**Records drawn from a dataset**:
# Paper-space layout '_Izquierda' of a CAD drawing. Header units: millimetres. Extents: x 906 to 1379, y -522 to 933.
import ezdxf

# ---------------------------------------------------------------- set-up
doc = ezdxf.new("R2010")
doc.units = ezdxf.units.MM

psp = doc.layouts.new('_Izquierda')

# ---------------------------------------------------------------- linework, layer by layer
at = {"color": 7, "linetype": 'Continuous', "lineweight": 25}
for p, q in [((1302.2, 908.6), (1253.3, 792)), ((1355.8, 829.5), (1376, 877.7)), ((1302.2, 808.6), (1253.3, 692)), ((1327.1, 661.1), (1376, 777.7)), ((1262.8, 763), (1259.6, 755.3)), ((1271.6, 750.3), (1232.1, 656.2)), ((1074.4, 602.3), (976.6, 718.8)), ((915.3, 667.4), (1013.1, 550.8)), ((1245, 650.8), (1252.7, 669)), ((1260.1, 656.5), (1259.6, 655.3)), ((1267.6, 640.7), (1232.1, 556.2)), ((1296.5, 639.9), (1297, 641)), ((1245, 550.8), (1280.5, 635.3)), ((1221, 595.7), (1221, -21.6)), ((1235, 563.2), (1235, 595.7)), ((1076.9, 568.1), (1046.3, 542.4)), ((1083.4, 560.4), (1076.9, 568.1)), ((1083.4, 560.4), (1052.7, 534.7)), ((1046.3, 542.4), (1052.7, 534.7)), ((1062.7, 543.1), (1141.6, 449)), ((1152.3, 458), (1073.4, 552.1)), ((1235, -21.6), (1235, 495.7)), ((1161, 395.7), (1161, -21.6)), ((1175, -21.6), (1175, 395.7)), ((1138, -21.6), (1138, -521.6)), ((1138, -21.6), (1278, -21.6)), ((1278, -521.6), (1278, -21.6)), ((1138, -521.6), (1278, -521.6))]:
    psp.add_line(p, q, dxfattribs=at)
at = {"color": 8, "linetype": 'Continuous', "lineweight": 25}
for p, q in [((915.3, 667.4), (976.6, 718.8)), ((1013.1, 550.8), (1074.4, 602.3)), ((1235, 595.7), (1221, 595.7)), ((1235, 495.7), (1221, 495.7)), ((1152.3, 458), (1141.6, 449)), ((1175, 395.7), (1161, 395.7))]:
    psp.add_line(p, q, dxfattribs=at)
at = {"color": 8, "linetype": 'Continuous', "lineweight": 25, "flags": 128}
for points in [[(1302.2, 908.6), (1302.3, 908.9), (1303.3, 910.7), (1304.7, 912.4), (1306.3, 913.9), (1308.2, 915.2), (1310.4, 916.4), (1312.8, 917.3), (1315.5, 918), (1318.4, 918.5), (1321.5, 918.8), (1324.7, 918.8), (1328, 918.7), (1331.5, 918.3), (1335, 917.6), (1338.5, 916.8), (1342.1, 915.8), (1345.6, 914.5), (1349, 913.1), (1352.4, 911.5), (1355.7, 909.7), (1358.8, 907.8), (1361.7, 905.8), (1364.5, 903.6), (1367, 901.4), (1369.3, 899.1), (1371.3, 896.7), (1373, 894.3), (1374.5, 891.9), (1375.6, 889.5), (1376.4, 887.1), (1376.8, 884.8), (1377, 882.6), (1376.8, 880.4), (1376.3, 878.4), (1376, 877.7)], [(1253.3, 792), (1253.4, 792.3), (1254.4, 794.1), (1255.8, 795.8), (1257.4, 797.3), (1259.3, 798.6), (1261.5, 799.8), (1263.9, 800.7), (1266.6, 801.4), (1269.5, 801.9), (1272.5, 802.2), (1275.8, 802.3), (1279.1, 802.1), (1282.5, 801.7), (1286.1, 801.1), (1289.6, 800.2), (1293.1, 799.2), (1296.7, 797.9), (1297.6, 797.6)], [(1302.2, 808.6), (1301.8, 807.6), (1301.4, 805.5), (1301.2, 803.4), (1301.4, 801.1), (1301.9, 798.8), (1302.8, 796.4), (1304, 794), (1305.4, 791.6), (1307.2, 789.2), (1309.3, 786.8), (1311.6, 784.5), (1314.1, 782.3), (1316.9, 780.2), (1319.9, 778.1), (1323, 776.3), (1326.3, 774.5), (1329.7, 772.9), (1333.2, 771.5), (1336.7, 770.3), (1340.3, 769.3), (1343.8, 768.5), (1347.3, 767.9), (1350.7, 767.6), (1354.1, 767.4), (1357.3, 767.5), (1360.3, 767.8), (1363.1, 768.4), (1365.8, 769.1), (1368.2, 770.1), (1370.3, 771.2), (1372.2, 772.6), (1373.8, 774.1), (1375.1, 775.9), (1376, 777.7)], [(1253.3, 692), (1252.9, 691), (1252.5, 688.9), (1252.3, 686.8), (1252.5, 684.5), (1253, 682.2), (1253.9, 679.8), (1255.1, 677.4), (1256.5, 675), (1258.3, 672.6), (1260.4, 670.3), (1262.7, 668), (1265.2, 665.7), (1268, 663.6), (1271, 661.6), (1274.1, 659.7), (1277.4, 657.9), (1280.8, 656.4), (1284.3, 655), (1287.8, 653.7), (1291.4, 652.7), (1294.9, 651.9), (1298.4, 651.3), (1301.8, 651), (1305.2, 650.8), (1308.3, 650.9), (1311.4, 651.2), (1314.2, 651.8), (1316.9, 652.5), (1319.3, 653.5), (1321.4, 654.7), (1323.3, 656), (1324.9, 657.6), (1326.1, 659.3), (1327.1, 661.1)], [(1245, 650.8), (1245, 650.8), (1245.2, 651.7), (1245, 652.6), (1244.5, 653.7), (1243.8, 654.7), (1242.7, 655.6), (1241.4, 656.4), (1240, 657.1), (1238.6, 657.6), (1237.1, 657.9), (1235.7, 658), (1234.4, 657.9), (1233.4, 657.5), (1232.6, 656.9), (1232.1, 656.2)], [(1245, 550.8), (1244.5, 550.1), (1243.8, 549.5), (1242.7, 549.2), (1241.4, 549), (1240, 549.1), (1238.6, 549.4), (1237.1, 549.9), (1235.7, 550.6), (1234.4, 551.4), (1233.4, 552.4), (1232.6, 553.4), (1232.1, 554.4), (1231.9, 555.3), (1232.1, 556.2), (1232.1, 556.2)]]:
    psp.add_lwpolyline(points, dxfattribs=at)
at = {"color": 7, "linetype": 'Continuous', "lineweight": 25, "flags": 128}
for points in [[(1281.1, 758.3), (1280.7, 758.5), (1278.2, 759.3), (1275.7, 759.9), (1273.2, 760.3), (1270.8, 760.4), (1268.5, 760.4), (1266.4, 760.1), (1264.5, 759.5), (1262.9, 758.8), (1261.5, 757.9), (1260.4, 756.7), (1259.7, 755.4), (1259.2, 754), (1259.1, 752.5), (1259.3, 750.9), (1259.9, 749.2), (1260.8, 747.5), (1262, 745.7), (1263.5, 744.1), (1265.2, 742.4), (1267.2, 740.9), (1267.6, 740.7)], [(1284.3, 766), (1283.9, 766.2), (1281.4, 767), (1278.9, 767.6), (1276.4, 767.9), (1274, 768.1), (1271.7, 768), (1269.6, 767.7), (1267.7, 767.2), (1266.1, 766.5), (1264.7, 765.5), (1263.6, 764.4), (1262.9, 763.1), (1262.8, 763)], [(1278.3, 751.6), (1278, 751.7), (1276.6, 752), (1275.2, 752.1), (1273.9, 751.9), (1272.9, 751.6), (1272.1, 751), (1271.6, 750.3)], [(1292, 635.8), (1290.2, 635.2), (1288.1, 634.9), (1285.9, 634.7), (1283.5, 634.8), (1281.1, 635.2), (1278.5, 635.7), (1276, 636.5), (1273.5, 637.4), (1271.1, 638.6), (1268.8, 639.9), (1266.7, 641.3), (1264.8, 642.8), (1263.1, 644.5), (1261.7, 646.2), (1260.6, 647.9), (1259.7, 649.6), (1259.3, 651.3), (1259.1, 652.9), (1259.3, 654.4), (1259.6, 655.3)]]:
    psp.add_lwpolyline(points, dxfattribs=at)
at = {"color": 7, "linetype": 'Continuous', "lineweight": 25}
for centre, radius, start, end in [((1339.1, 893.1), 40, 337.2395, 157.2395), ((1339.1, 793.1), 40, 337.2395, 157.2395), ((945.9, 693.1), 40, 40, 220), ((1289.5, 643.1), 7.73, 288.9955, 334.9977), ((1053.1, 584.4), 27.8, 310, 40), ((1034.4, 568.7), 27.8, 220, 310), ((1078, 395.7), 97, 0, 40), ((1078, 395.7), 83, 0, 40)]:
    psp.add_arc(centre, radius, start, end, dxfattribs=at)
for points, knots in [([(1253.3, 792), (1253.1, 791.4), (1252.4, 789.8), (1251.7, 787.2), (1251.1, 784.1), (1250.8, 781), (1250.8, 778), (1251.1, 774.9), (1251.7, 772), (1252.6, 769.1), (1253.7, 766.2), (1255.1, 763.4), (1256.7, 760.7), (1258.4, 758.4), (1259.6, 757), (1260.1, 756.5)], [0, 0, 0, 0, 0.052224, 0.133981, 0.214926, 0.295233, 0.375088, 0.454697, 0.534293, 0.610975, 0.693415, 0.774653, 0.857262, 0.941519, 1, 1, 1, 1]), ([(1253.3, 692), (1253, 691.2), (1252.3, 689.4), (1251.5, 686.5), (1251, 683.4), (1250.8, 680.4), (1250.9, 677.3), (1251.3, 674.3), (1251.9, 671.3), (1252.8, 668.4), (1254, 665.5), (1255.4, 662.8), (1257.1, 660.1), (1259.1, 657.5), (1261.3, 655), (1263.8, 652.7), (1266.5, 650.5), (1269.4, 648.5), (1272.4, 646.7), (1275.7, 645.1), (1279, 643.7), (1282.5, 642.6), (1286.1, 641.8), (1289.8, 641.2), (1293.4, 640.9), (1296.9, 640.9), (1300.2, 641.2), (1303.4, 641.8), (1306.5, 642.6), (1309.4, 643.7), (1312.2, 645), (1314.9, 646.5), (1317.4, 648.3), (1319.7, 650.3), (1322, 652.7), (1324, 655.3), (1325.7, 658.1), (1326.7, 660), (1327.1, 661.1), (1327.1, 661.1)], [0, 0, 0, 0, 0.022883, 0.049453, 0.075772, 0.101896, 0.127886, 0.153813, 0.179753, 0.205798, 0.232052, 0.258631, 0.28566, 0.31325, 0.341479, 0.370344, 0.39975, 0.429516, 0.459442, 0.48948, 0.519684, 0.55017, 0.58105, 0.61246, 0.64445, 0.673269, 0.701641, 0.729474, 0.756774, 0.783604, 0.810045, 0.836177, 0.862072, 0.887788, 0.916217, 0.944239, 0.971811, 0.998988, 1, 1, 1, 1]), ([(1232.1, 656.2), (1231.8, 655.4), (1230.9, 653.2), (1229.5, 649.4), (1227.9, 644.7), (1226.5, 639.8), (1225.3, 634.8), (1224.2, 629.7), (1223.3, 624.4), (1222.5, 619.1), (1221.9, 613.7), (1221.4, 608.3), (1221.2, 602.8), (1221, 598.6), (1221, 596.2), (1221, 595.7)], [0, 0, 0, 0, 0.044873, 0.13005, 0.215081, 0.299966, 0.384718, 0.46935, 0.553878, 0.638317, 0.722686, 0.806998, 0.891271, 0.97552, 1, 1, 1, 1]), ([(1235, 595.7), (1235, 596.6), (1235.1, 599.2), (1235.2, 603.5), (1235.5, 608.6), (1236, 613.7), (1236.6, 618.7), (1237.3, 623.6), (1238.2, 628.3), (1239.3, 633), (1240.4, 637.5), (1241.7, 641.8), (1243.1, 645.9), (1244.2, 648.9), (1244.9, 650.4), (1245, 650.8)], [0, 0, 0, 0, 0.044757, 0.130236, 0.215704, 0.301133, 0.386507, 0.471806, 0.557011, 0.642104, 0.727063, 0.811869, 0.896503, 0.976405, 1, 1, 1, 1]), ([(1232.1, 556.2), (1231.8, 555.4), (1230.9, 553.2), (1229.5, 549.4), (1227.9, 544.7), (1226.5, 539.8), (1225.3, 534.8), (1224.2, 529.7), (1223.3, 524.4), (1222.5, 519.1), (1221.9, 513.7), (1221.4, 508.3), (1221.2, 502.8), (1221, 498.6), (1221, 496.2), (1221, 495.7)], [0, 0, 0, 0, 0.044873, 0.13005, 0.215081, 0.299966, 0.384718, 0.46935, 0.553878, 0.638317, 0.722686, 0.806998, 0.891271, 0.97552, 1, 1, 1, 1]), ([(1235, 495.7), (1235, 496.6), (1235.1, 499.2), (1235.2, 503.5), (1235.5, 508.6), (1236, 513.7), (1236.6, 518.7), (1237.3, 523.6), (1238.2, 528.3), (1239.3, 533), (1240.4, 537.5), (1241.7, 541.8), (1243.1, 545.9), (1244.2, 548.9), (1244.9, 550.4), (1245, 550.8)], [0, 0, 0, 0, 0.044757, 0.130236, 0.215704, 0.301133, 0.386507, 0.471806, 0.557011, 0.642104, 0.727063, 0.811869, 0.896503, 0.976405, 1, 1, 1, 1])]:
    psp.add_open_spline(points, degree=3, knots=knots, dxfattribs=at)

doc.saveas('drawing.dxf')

**What needs to be done**:
In the records, which lines mention the word "flags"? Copy those lines.

**Response to the exercise**:
at = {"color": 8, "linetype": 'Continuous', "lineweight": 25, "flags": 128}
at = {"color": 7, "linetype": 'Continuous', "lineweight": 25, "flags": 128}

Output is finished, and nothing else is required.